3 . The method of claim 2 further comprising:
grouping the set of open claims data based on the non-fraud signature pattern.
4 . The method of claim 3 , wherein text analysis, social analysis, link analysis, statistical analysis, transaction analysis and predictive analyses is used to determine the modus-operandi variables of the open claims set.
5 . The method of claim 4 further comprising:
providing another list of list of suspected fraudulent claims.
6 . The method of claim 6 further comprising:
comparing the list of suspected fraudulent claims with the other list of suspected fraudulent claims and based on these comparisons a group of suspected fraudulent claims is grouped based on a similarity of the list of suspected fraudulent claims and the other list of suspected fraudulent claims.
7 . The method of claim 7 , wherein the set of open claims data comprises both structured and unstructured claims data.
8 . A computerized system comprising:
a processor configured to execute instructions; a memory containing instructions when executed on the processor, causes the processor to perform operations that:
obtain a set of open claims data;
determine one of more modus-operandi variables of the open claims set;
determine a match between the one or more modus operandi variables and a claim in the set of open claims;
generate a list of suspected fraudulent claims that comprises each matched claim;
implement one or more machine learning algorithms to learn a fraud signature pattern in the list of suspected fraudulent claims; and
group the set of open claims data based on the fraud signature pattern.
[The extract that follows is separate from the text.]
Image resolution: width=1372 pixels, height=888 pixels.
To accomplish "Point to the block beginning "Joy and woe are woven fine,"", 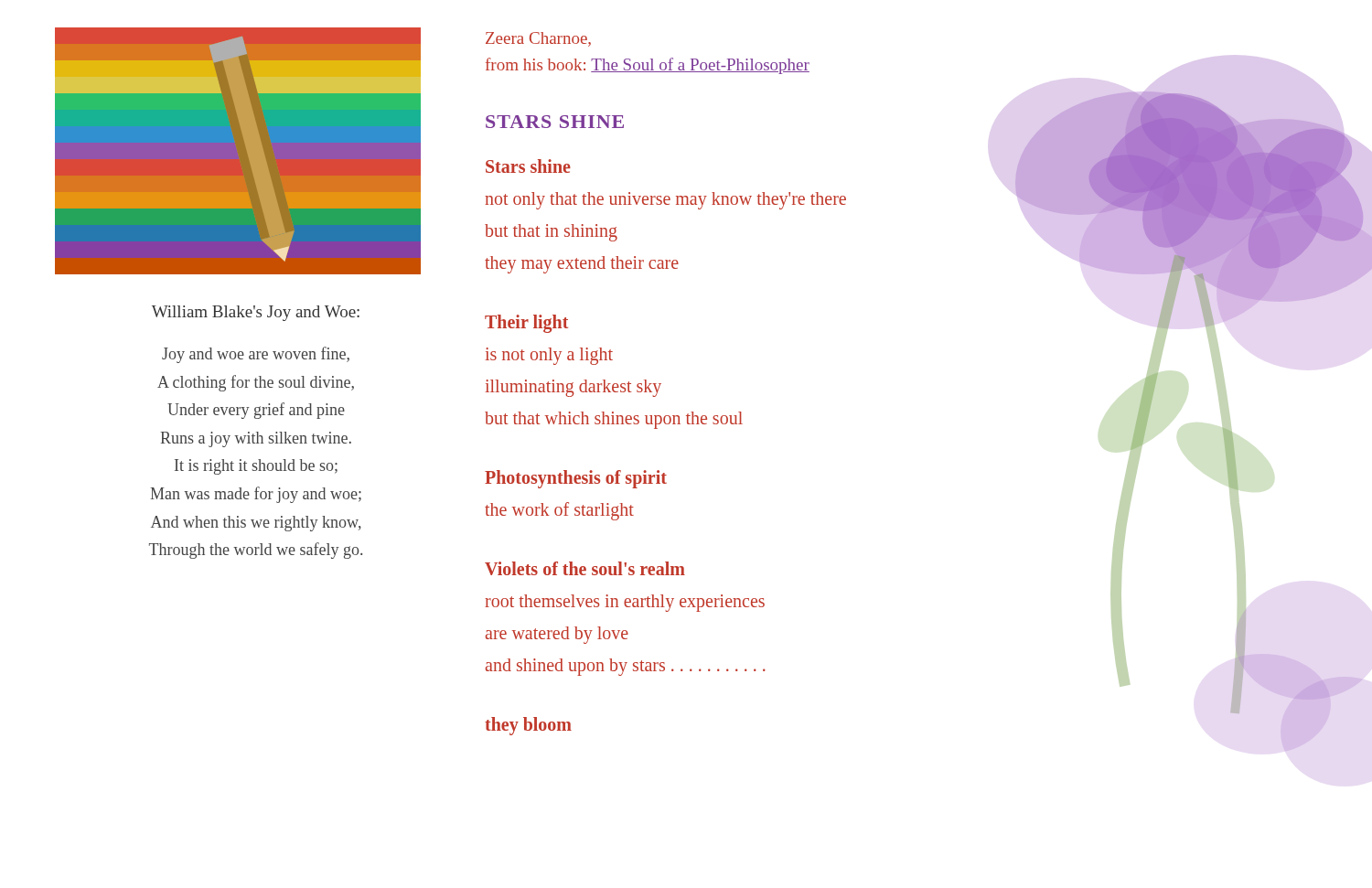I will [x=256, y=452].

9 . The computerized system of claim 8 , wherein the memory containing instructions when executed on the processor, causes the processor to perform operations that:
implement one or more machine learning algorithms to learn a non-fraud signature pattern in the list of suspected fraudulent claims.
10 . The computerized system of claim 9 , wherein the memory containing instructions when executed on the processor, causes the processor to perform operations that:
group the set of open claims data based on the non-fraud signature pattern.
11 . The computerized system of claim 10 , wherein text analysis, social analysis, link analysis, statistical analysis, transaction analysis and predictive analyses is used to determine the modus-operandi variables of the open claims set.
12 . The computerized system of claim 11 , wherein the memory containing instructions when executed on the processor, causes the processor to perform operations that:
provide another list of list of suspected fraudulent claims.
13 . The computerized system of claim 12 , wherein the memory containing instructions when executed on the processor, causes the processor to perform operations that:
compare the list of suspected fraudulent claims with the other list of suspected fraudulent claims and based on these comparisons a group of suspected fraudulent claims is grouped based on a similarity of the list of suspected fraudulent claims and the other list of suspected fraudulent claims.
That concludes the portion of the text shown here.